### Task description
Please filter the entries for the word "view" and copy every line that has it.

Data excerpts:
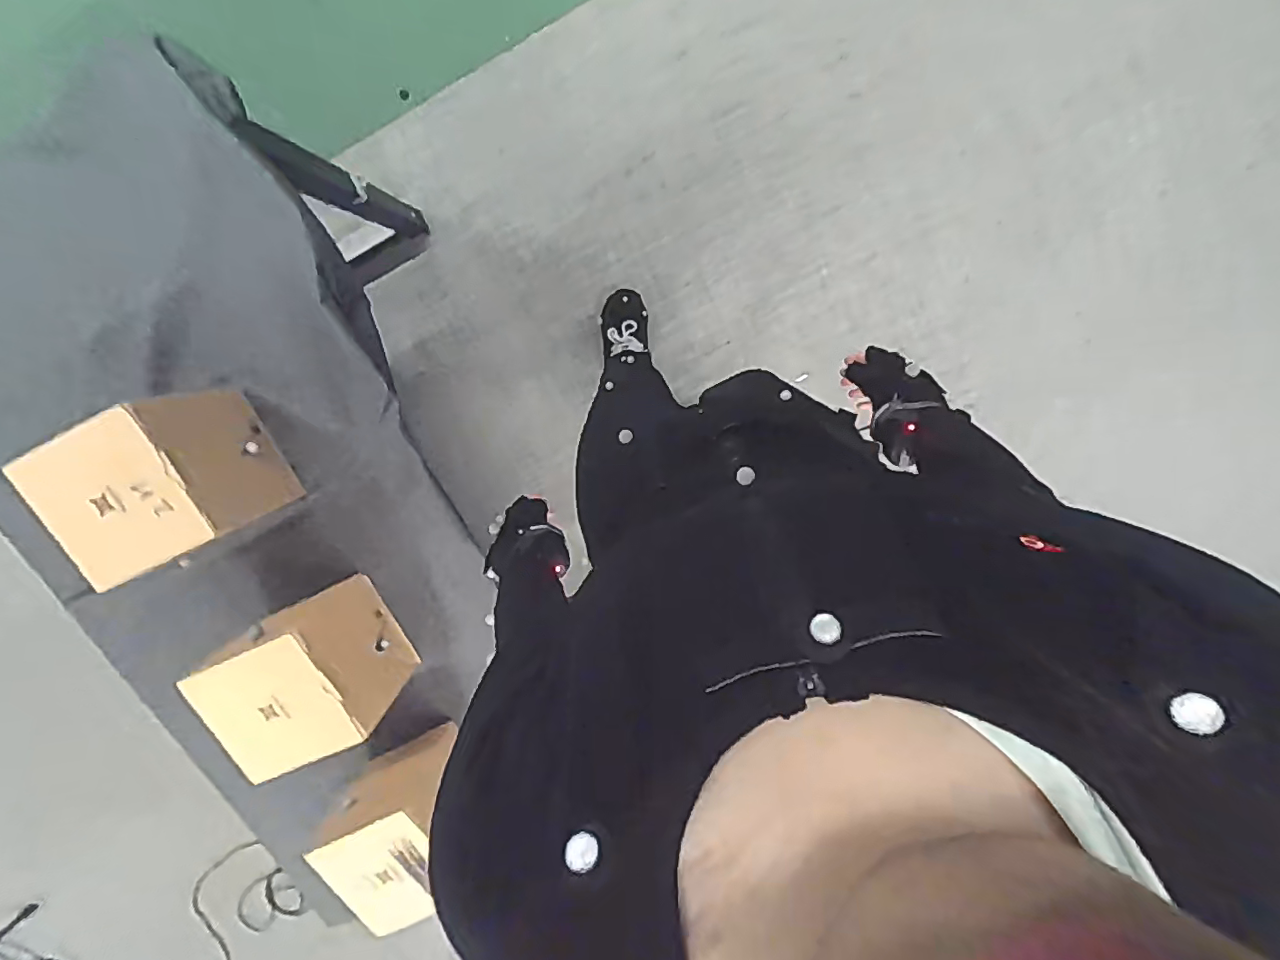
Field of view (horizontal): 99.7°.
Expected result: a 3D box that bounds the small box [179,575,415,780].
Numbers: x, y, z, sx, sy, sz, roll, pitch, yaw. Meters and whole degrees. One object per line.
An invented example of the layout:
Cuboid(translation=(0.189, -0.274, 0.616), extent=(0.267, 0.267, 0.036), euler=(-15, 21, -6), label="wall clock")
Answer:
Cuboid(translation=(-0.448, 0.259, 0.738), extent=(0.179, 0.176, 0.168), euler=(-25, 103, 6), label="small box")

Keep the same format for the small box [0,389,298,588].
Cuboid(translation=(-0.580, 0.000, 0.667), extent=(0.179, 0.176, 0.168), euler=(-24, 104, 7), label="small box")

==

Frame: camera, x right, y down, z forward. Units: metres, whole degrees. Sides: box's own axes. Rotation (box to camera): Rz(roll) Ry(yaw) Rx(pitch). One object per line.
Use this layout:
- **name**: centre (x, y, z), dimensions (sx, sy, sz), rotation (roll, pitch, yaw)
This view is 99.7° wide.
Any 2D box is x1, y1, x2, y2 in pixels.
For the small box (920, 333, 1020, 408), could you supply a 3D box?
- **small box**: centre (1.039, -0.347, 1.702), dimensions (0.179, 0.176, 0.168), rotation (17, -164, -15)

### Exercise solution
Field of view (horizontal): 99.7°.
This view is 99.7° wide.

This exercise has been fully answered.